This is the first follow up post from: Azure SQL TDE and Customer Keys (BYOK). Microsoft?...your name isn't down, so you aren't coming in. (sqlrod.com) , which explained how to use Customer Keys with Azure SQL DB (and Managed instance), and some of the dangerous pitfalls that you can face. We need to know when there may be trouble on the horizon, so key (pun fully intended) to this is monitoring.
Yes, i'm rambling on again about monitoring...but I like monitoring.
Monitoring .
We really need to monitor so that we know what is going on, and more importantly, what is going on before our customers and bosses do. From this, we can then take actions, (preferably proactively) effectively swooping in and saving the day, albeit silently to our customers if we get it right.
Monitoring for Inaccessible Databases.
If a Server/DB loses access to the vault that contains its key, we have a kill point that we need to act upon really quickly. As soon as a DB switches to Inaccessible, that marks the death point for your users being able to work, clock starts ticking and Simon Pheonix is now thawing.
So we head over to the Activity log. Annoyingly, what you find is that there is an Update SQL database operation that is Started, and In progress, but nothing easily seen about what its doing at the high level.
So open the event and hop over to the JSON tab, to see the EventName . You'll see it buried away in the properties, the eventname of "MakeDatabaseInaccessible" with a status of "Started". Oh great, when using an Alert to an Action group from the standard ActivityLog Monitoring, we can't narrow down an alert on that very well.

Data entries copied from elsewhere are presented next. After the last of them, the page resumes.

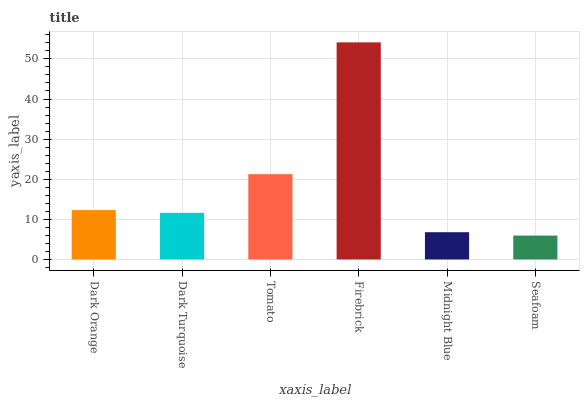Is Seafoam the minimum?
Answer yes or no. Yes. Is Firebrick the maximum?
Answer yes or no. Yes. Is Dark Turquoise the minimum?
Answer yes or no. No. Is Dark Turquoise the maximum?
Answer yes or no. No. Is Dark Orange greater than Dark Turquoise?
Answer yes or no. Yes. Is Dark Turquoise less than Dark Orange?
Answer yes or no. Yes. Is Dark Turquoise greater than Dark Orange?
Answer yes or no. No. Is Dark Orange less than Dark Turquoise?
Answer yes or no. No. Is Dark Orange the high median?
Answer yes or no. Yes. Is Dark Turquoise the low median?
Answer yes or no. Yes. Is Firebrick the high median?
Answer yes or no. No. Is Seafoam the low median?
Answer yes or no. No. 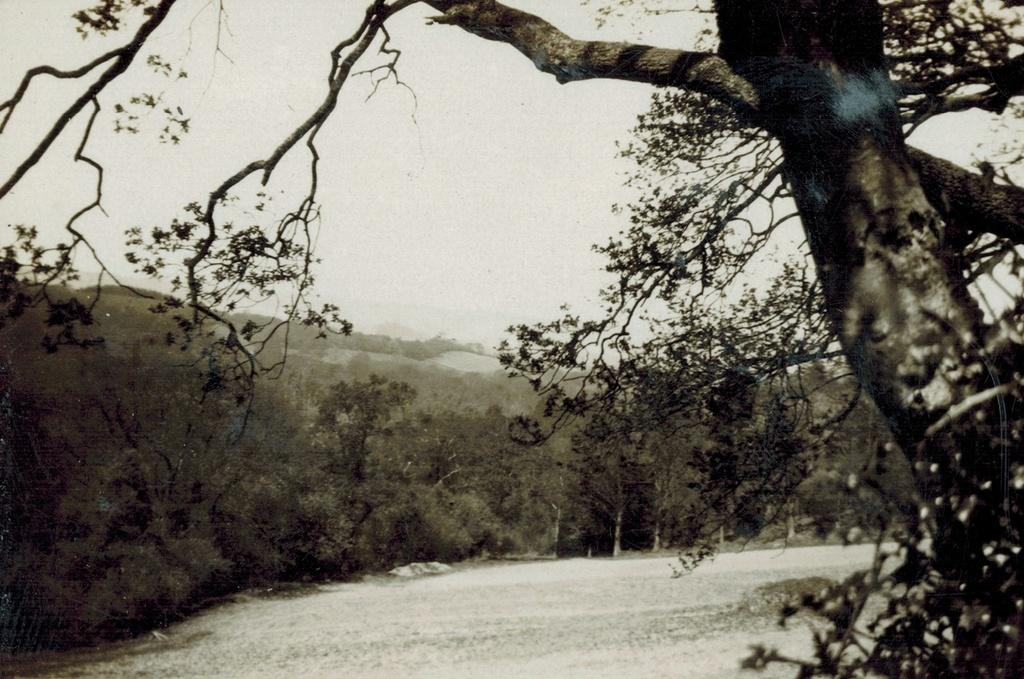What type of natural vegetation is visible in the image? There are trees in the image. What natural element is also visible in the image? There is water visible in the image. What part of the natural environment is visible in the image? The sky is visible in the image. What type of event is taking place in the image? There is no indication of any event taking place in the image. Can you identify any circular objects in the image? There is no circular object present in the image. Is there any quartz visible in the image? There is no quartz present in the image. 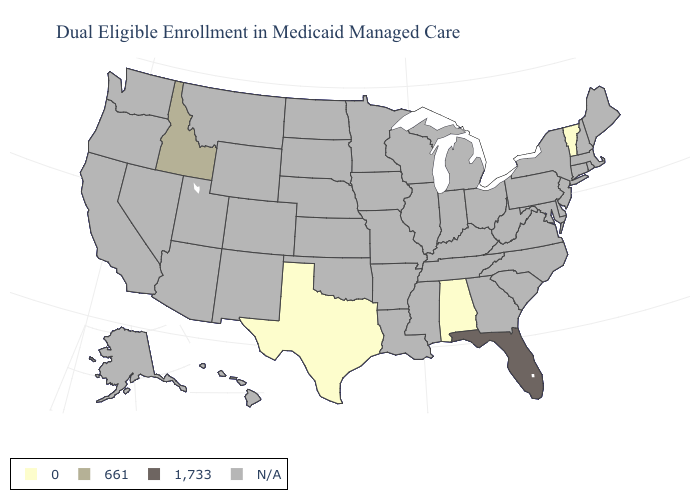Which states have the highest value in the USA?
Write a very short answer. Florida. What is the value of Illinois?
Be succinct. N/A. Does Florida have the lowest value in the USA?
Be succinct. No. Name the states that have a value in the range 1,733?
Quick response, please. Florida. What is the value of Hawaii?
Short answer required. N/A. Name the states that have a value in the range N/A?
Quick response, please. Alaska, Arizona, Arkansas, California, Colorado, Connecticut, Delaware, Georgia, Hawaii, Illinois, Indiana, Iowa, Kansas, Kentucky, Louisiana, Maine, Maryland, Massachusetts, Michigan, Minnesota, Mississippi, Missouri, Montana, Nebraska, Nevada, New Hampshire, New Jersey, New Mexico, New York, North Carolina, North Dakota, Ohio, Oklahoma, Oregon, Pennsylvania, Rhode Island, South Carolina, South Dakota, Tennessee, Utah, Virginia, Washington, West Virginia, Wisconsin, Wyoming. Name the states that have a value in the range 0?
Give a very brief answer. Alabama, Texas, Vermont. Among the states that border New York , which have the lowest value?
Quick response, please. Vermont. Name the states that have a value in the range 1,733?
Concise answer only. Florida. Which states have the lowest value in the USA?
Short answer required. Alabama, Texas, Vermont. 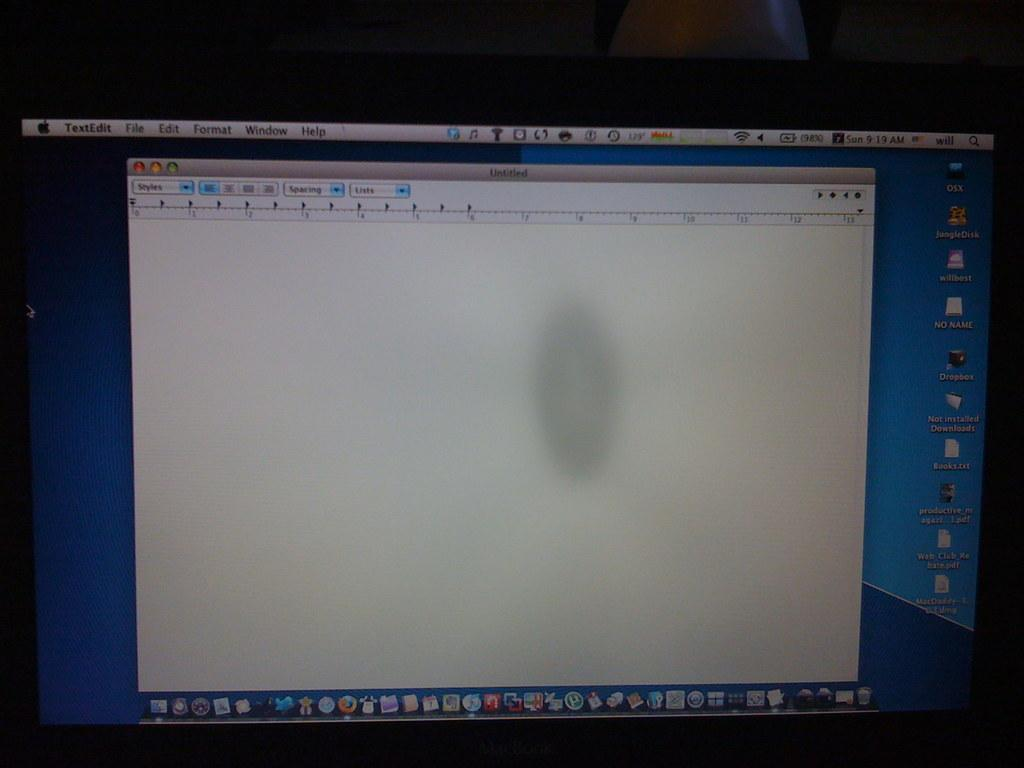<image>
Render a clear and concise summary of the photo. A computer screen sits with a blank document on it in the Textedit program. 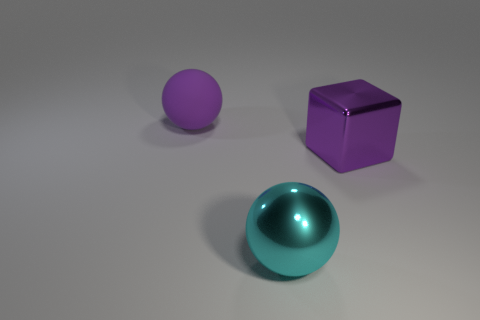Add 2 big cyan shiny balls. How many objects exist? 5 Subtract all blocks. How many objects are left? 2 Subtract all green balls. Subtract all green cylinders. How many balls are left? 2 Subtract all cyan metallic objects. Subtract all big metal balls. How many objects are left? 1 Add 1 big matte objects. How many big matte objects are left? 2 Add 1 purple blocks. How many purple blocks exist? 2 Subtract 0 gray balls. How many objects are left? 3 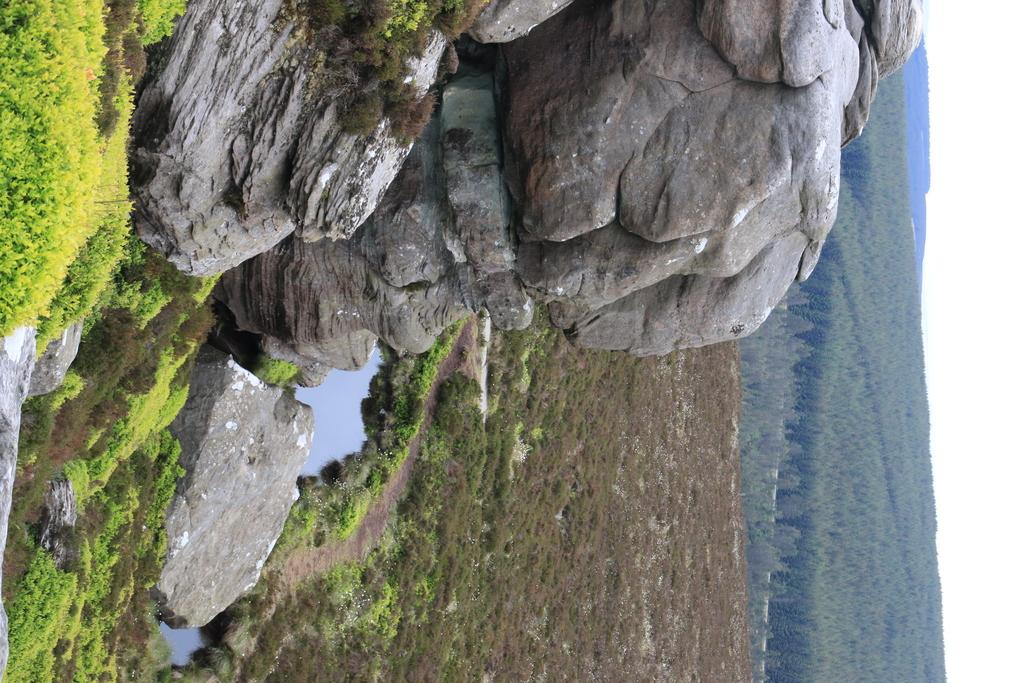What type of natural elements can be seen in the image? There are rocks, trees, plants, and water visible in the image. What is visible in the background of the image? There are mountains and trees in the background of the image. What type of bone can be seen in the image? There is no bone present in the image; it features natural elements such as rocks, trees, plants, and water.

Yes, we may be able to cover it with other statuses, but risk an Alert storm, which can be nearly as dangerous as no alerts, as nobody sees/acknowledges and actions them.
Take Note
Even more worrying, if the DB on a Serverless tier with AutoPause enabled, and the DB is Paused, it doesn't transition to inaccessible either, so you don't receive an alert as it remains in a Paused state.
Connections to the DB will fail with "Database '{DatabaseName}' on server '{servername}' is not currently available" as it cannot unpause.
If the resource is amended, ie... disabling autopause, you will recieve a Failure on Update SQL Database with the relevent information in the StatusMessage.
This one could be valid for a standard Alert from the Activity Log, as ideally, we would like to know if there's any failed update on our precious resources.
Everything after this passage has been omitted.